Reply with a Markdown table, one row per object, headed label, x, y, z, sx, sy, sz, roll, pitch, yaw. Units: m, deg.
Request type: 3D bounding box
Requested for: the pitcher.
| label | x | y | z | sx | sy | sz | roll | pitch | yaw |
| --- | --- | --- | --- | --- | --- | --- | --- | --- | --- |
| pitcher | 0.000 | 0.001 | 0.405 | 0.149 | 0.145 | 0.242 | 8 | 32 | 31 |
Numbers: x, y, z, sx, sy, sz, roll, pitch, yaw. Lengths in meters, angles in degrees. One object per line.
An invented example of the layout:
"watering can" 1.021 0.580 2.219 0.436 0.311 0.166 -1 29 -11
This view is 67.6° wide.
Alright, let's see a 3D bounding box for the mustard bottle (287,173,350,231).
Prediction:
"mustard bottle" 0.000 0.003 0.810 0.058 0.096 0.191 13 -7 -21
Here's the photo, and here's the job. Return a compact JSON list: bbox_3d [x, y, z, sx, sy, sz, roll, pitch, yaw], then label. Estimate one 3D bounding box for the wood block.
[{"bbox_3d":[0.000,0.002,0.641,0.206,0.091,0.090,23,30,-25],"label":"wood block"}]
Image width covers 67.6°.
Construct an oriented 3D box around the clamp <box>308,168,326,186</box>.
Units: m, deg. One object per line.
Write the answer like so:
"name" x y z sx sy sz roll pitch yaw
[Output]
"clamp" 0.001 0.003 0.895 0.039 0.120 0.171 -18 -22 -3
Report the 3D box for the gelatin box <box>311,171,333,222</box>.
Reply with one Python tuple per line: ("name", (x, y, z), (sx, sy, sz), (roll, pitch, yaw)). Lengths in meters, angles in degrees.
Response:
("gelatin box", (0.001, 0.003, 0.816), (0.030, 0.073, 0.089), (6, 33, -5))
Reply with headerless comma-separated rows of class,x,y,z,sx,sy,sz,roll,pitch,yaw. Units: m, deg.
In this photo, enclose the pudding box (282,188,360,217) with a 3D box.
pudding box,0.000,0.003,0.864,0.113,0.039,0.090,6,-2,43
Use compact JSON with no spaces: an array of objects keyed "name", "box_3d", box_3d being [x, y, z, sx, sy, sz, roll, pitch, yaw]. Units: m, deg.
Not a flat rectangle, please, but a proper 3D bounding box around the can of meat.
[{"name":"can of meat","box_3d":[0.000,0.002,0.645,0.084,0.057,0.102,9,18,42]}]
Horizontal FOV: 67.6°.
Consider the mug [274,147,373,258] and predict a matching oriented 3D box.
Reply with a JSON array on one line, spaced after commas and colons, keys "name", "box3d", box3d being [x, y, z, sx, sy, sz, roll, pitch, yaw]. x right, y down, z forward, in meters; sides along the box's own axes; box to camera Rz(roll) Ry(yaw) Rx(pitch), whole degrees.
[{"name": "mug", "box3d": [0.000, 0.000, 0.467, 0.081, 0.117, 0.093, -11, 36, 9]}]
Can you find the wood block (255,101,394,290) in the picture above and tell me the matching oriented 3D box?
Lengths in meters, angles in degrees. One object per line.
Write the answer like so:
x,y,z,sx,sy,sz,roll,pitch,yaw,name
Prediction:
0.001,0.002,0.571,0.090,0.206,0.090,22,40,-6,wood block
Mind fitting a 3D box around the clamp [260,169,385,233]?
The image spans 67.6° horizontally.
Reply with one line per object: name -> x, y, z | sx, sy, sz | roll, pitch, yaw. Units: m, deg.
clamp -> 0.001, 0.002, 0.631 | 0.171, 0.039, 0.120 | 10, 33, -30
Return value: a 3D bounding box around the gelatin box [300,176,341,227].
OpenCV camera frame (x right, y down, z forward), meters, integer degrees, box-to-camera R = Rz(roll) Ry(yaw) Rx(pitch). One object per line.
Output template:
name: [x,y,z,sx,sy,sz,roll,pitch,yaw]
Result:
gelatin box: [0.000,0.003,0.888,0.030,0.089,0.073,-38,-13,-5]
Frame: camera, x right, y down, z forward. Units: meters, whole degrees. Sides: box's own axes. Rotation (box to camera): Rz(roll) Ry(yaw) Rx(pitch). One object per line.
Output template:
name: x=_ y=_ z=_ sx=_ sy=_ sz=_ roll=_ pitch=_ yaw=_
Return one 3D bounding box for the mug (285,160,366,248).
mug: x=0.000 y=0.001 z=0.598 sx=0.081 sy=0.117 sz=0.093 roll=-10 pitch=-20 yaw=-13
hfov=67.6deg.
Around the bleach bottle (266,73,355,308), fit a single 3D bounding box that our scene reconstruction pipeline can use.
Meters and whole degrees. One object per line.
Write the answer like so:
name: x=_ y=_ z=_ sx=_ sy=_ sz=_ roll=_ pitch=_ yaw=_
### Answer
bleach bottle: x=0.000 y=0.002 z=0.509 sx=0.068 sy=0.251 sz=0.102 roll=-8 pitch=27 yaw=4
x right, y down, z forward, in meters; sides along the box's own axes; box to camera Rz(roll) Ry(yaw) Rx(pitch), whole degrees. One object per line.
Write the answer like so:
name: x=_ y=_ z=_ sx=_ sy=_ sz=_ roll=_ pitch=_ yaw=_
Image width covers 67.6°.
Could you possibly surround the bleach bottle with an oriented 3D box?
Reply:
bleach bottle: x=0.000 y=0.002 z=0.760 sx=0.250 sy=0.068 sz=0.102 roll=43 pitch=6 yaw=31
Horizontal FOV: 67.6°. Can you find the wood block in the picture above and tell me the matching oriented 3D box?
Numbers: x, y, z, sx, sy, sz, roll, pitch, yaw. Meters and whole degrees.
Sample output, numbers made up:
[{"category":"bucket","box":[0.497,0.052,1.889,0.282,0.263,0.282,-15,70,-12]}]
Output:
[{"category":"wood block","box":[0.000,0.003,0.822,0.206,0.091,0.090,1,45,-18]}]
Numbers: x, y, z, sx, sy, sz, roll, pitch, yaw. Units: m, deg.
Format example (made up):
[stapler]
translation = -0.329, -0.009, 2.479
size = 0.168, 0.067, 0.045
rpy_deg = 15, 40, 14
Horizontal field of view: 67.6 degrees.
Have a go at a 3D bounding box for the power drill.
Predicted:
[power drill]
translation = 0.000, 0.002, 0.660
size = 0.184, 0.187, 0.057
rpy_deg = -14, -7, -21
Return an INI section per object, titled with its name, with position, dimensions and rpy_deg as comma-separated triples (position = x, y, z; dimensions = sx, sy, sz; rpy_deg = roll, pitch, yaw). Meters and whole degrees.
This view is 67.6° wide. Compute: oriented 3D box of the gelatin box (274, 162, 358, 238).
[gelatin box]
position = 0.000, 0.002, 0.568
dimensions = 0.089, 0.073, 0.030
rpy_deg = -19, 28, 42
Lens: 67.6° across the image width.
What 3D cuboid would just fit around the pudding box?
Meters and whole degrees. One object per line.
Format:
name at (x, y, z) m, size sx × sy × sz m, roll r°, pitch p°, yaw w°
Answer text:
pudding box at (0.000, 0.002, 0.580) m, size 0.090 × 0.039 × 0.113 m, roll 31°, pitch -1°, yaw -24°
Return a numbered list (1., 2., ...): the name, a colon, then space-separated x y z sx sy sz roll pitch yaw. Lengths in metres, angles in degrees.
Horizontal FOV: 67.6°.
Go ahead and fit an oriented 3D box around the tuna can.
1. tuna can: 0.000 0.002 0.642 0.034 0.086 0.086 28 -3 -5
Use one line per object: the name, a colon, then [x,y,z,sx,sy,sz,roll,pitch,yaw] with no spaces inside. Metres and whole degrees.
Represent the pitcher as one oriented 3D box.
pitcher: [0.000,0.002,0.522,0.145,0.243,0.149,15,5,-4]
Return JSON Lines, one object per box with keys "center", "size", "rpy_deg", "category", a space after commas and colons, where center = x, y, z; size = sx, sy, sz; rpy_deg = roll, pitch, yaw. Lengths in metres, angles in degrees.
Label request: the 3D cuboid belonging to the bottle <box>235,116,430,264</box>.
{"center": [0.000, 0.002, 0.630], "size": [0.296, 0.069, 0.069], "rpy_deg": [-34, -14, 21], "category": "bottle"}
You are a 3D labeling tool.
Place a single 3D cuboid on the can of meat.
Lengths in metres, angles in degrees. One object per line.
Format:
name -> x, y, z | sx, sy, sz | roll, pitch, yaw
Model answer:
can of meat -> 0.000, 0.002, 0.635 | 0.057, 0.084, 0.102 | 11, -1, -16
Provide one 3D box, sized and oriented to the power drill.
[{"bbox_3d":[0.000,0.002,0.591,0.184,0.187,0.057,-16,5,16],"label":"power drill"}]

★ ★ ★ ★

## WHAT NEEDS TO BE DONE
Nothing but the lines from the one with "Go ahead and" to the last line of the data should appear in the answer, each exactly as it stands.

## EXERCISE RESULT
Go ahead and fit an oriented 3D box around the tuna can.
1. tuna can: 0.000 0.002 0.642 0.034 0.086 0.086 28 -3 -5
Use one line per object: the name, a colon, then [x,y,z,sx,sy,sz,roll,pitch,yaw] with no spaces inside. Metres and whole degrees.
Represent the pitcher as one oriented 3D box.
pitcher: [0.000,0.002,0.522,0.145,0.243,0.149,15,5,-4]
Return JSON Lines, one object per box with keys "center", "size", "rpy_deg", "category", a space after commas and colons, where center = x, y, z; size = sx, sy, sz; rpy_deg = roll, pitch, yaw. Lengths in metres, angles in degrees.
Label request: the 3D cuboid belonging to the bottle <box>235,116,430,264</box>.
{"center": [0.000, 0.002, 0.630], "size": [0.296, 0.069, 0.069], "rpy_deg": [-34, -14, 21], "category": "bottle"}
You are a 3D labeling tool.
Place a single 3D cuboid on the can of meat.
Lengths in metres, angles in degrees. One object per line.
Format:
name -> x, y, z | sx, sy, sz | roll, pitch, yaw
Model answer:
can of meat -> 0.000, 0.002, 0.635 | 0.057, 0.084, 0.102 | 11, -1, -16
Provide one 3D box, sized and oriented to the power drill.
[{"bbox_3d":[0.000,0.002,0.591,0.184,0.187,0.057,-16,5,16],"label":"power drill"}]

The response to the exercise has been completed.